Game over, we win! (alternative version)

“We made it through the worst,” says Haw. “I was worried that if we drew one more bad card it’s an instant loss”

“Three suits removed, one empty column, this is a shoo-in” says the Dumb Bunny.

“I was wondering,” says the Eagle “Can we prove we are mathematically guaranteed to win?

Ninja Monkey immediately grabs two decks of cards and lays them according to the diagram above, and implements his patented look-ahead algorithm. He has 10,000 wins from 10,000 tries.

“Guaranteed win, no probs” coos Ninja Monkey.

“Not so fast,” says the Eagle. “No matter how many times you win, you can’t prove the game is a mathematical lock with Monte Carlo simulation. Besides, your face down cards were arranged the same way in all 10,000 iterations. We need to prove a guaranteed win regardless of how the face-down cards are arranged”
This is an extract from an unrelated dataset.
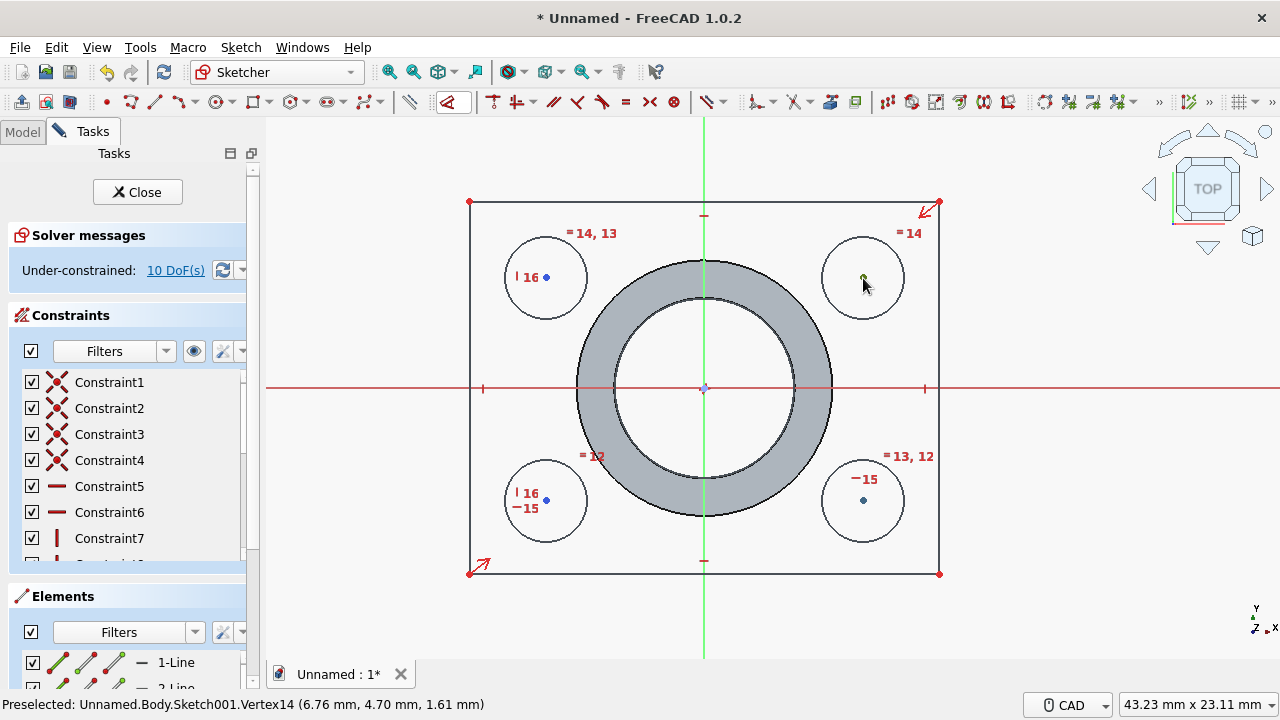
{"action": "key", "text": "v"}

Ninja Monkey pulls a frowny face.

“I think it is a win,” says the Wise Snail.

“How do you prove it?” asks the Elephant.
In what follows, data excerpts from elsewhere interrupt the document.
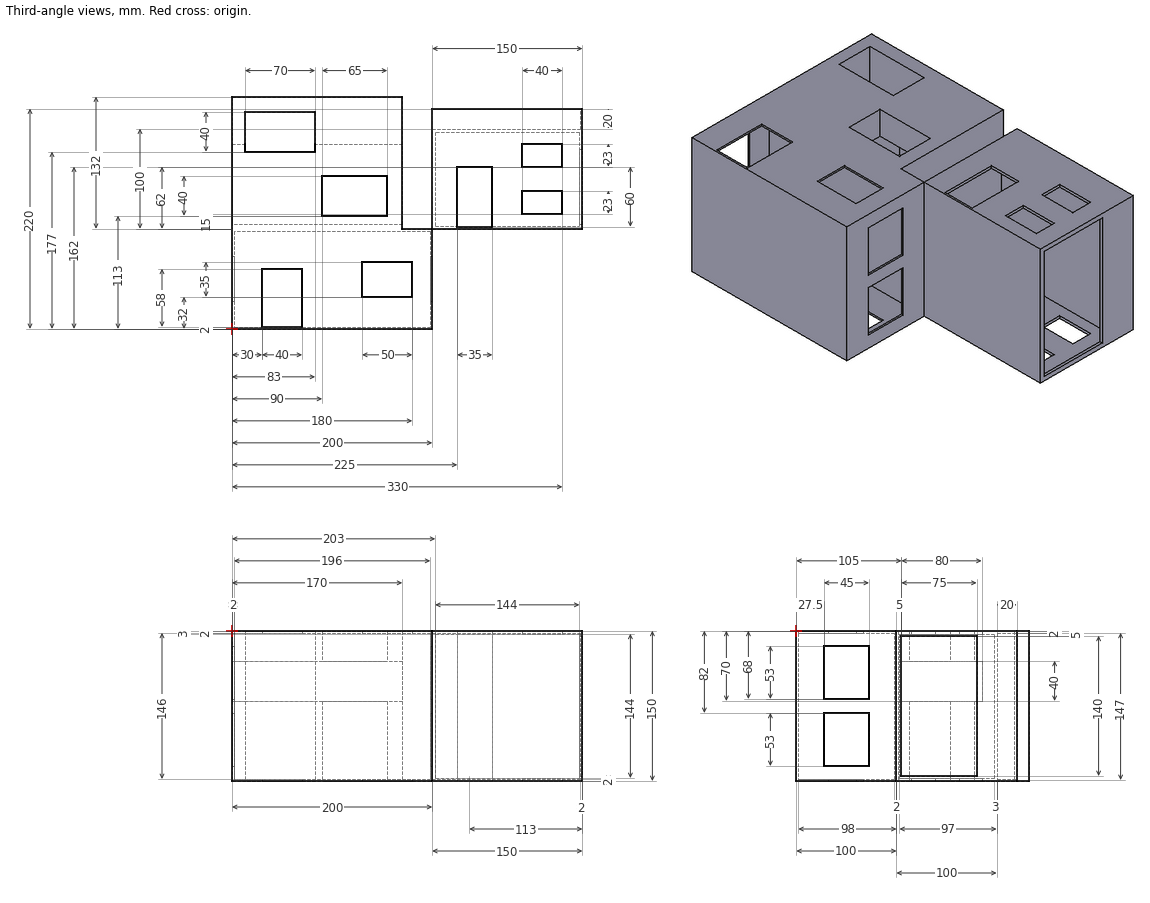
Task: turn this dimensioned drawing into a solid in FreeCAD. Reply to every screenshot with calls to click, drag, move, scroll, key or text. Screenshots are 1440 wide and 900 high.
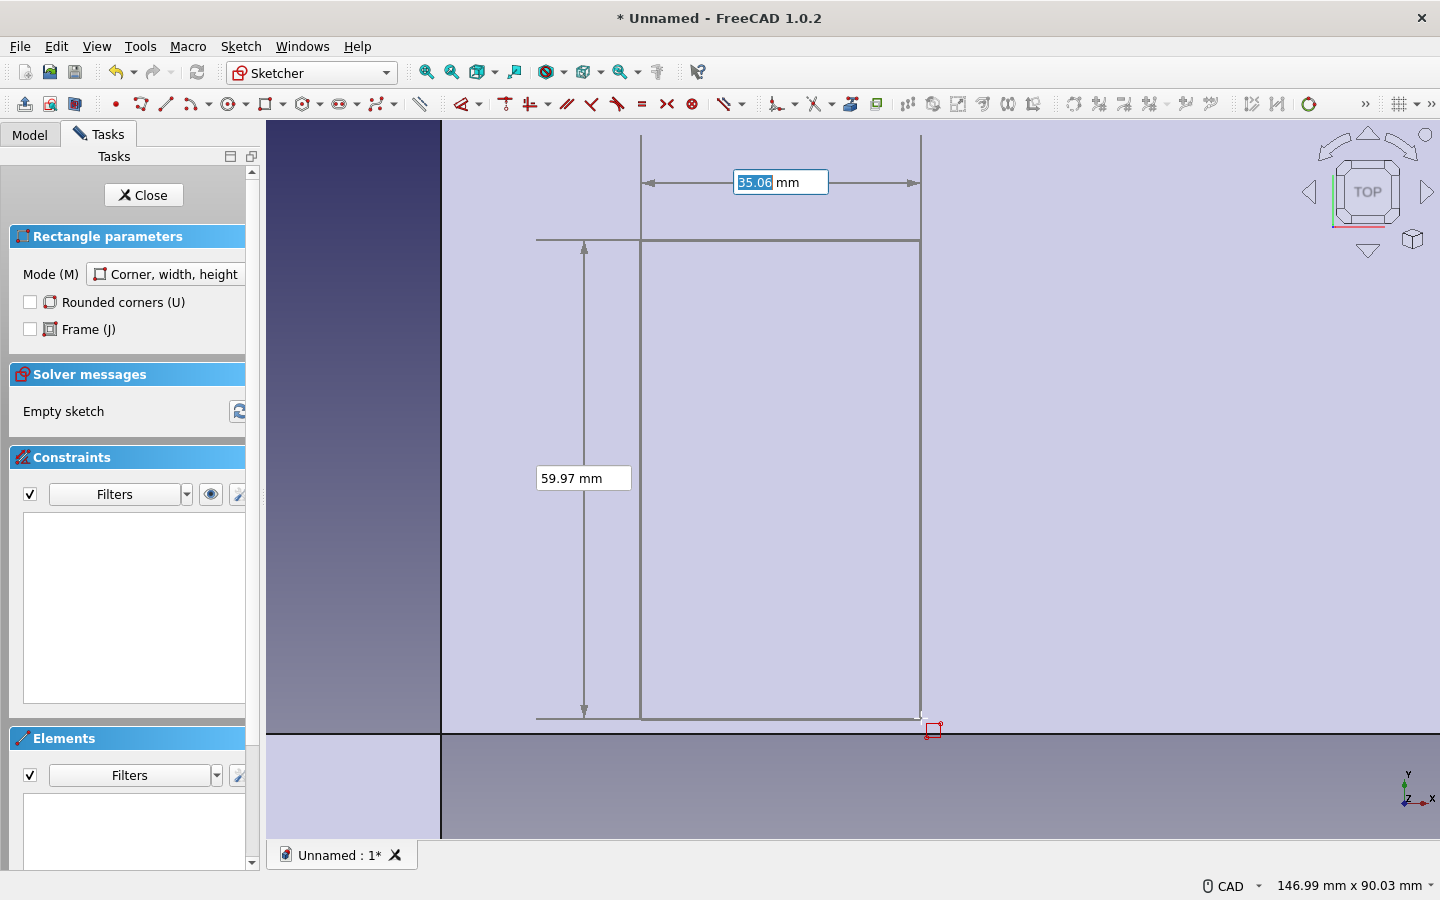
text(35)
key(Tab)
text(60)
key(Return)
key(Escape)

I recommended we do the following”, says the Wise Snail

  • Clear the Spade suit
  • Exchange the 6-5-4-3-2-A of Hearts in Column 5 with the 6-5-4-3 of Clubs in Column 6.
  • Dump the 9-8 of Clubs in Column 3 into the empty column
  • Clear the Heart suit, winning back the empty column
  • Shift the Qh-Jd onto the Kh in Column 1, turning over a face-down card in Column 6 (and keeping an empty column)

“Note that I went to the extra effort to clear a card in Column 6 rather than Column 5. This is because clearing cards in Column 6 is harder than Column 5 (especially since the Q-J are offsuit). As a general principle it is often wise to save an easy task for later and get the “difficult task” over and done with whenever possible – this helps avoid the embarrassing situation of “One Hole No Card” as alluded to in a previous post.”

All the animals are paying their utmost attention. For once, the Wise Snail has been given a chance to truly shine.

“The resulting position is shown below, with the newly-exposed card redacted,” continues the Snail.

“Let us consider all possible face-down cards (which we identified from last week):”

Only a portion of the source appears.